Machine learning models to improve classification of VUS
We explored three different machine learning strategies to classify
variants that are currently assigned as variants of uncertain
significance (VUS) by standard variant interpretation pipelines.
After building three models for VUS pathogenicity prediction based on a
Random Forest (RF), a Support Vector Machine (SVM), and a Five-Layer
Perceptron (MLP), their performance was measured on a set of variants
previously classified as VUS but reclassified in any of the other
categories in ClinVar with at least two quality stars. This set includes
5,537 variants representative of the main variant consequence types
(Figure 1a), including 2,008 (36.3%) missense variants, 1,844
(33.3%) synonymous variants, 349 (6.3%) intron variants,
475 (8.6%) splice variants, 340 (6.32%) non-coding mRNA
variants, 69 (1.25%) coding INDEL variants, 151 (2.73%) intergenic,
and 290 (5.22%) of other variant types (5-prime UTR variants, 3-prime
UTR variants, upstream gene variants, downstream gene variants, TF
binding site variants, and nonsense variants).

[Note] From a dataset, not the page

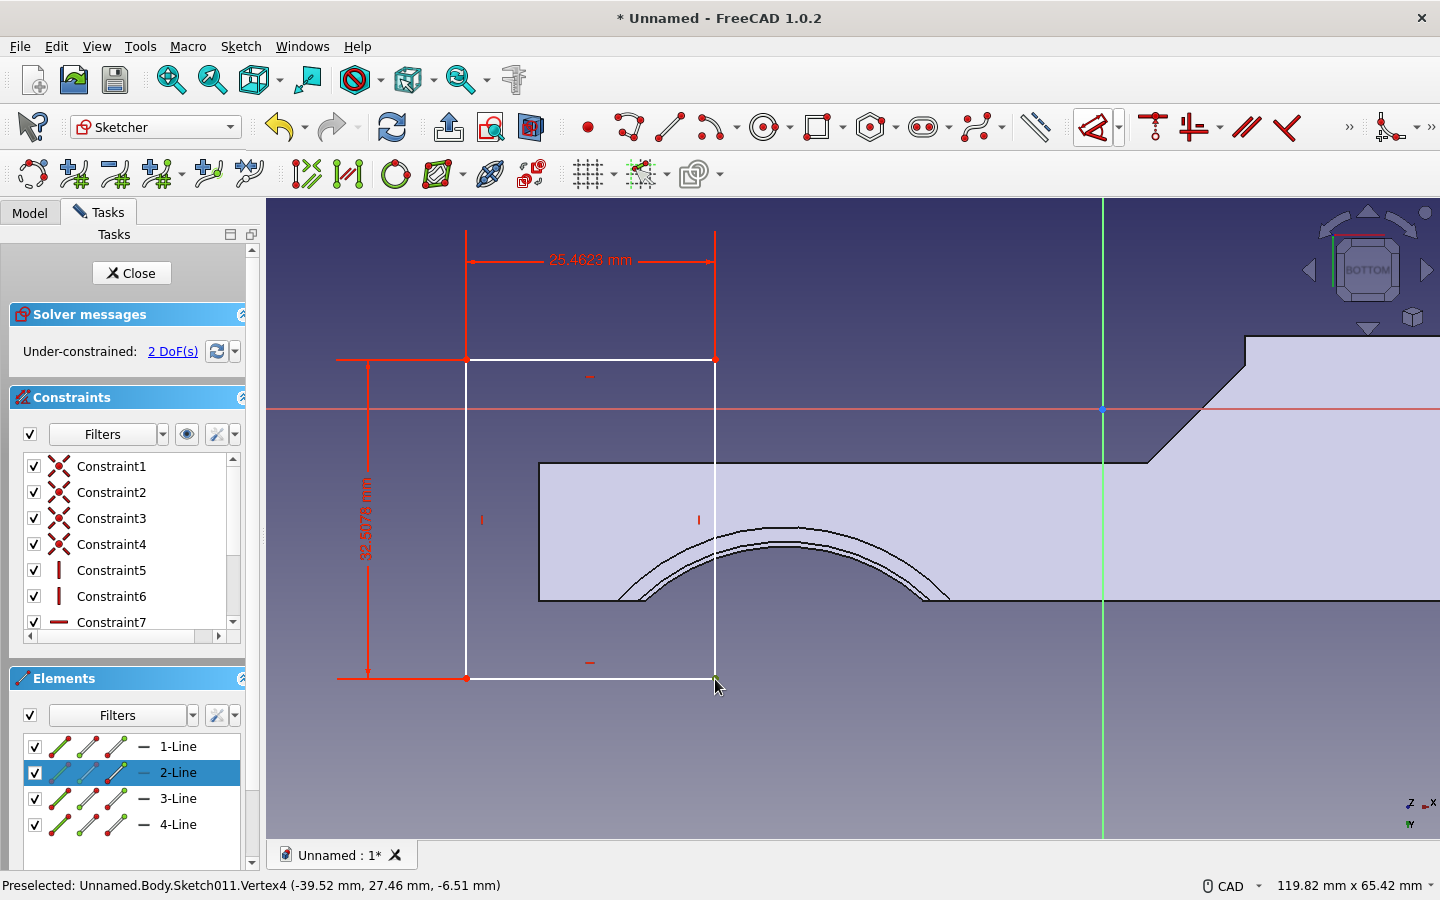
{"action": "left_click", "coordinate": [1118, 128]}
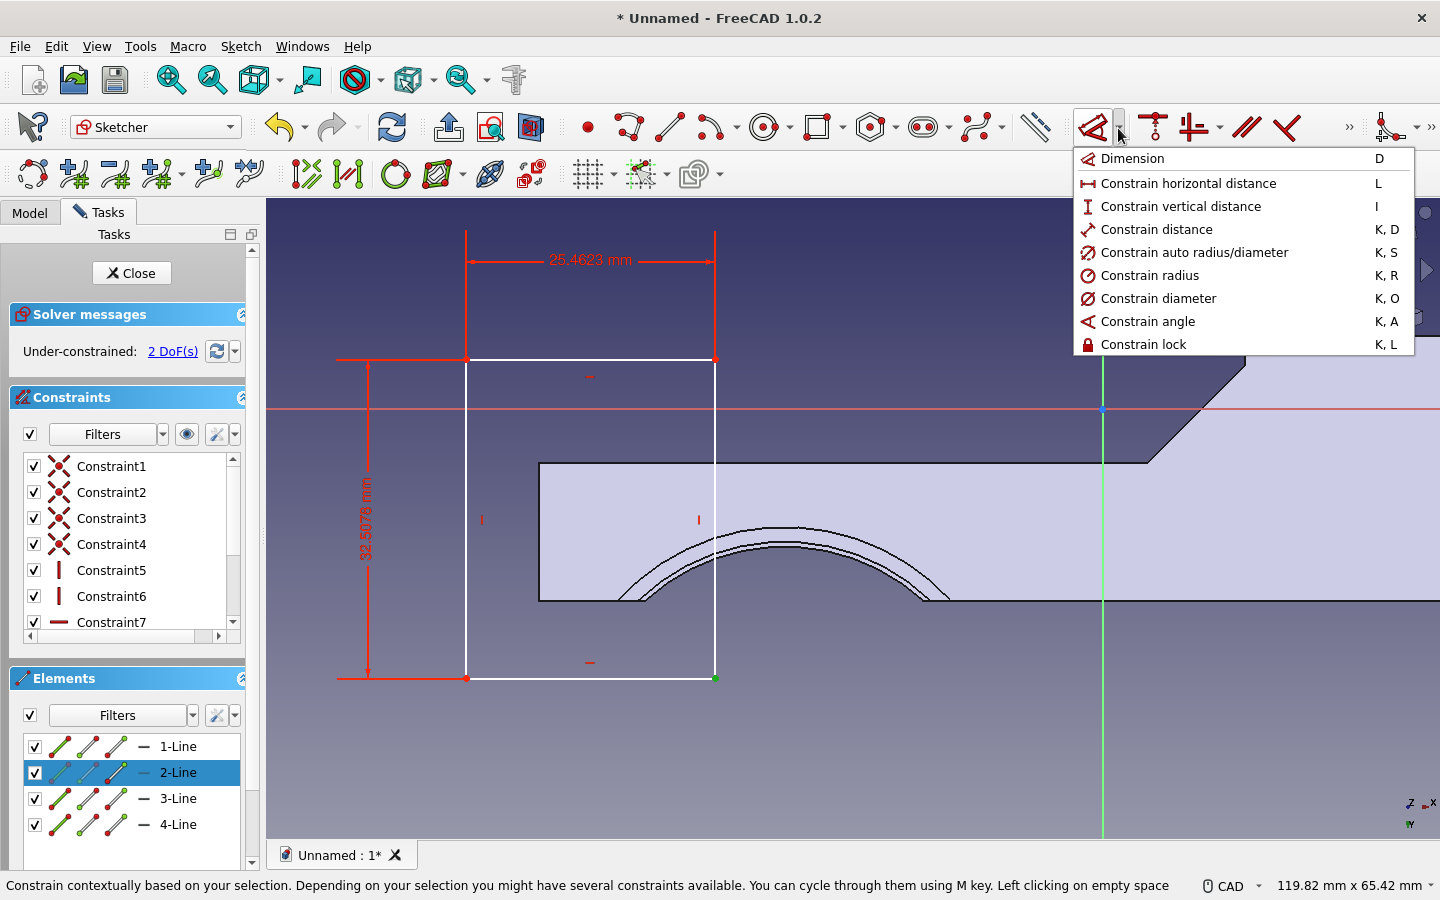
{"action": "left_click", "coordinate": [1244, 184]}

As measured by the area
under the curve of the Receiving Operator Characteristic curves (AUROC),
our three models outperform the best performing of the benchmarked tools
(CADD, with an AUC of 0.92), with an AUC of 0.97 for the RF and the MLP
based models, and a AUC of 0.96 for the SVM based model (Figure 1b).
Additionally, the three models were trained separately including and
excluding 1000 Human Genomes global allele frequencies to compare their
performance on the original test set. For all the models analyzed,
including the 1KG Global Allele Frequencies increased performance
measured by the AUC (See Supplementary Figure S1).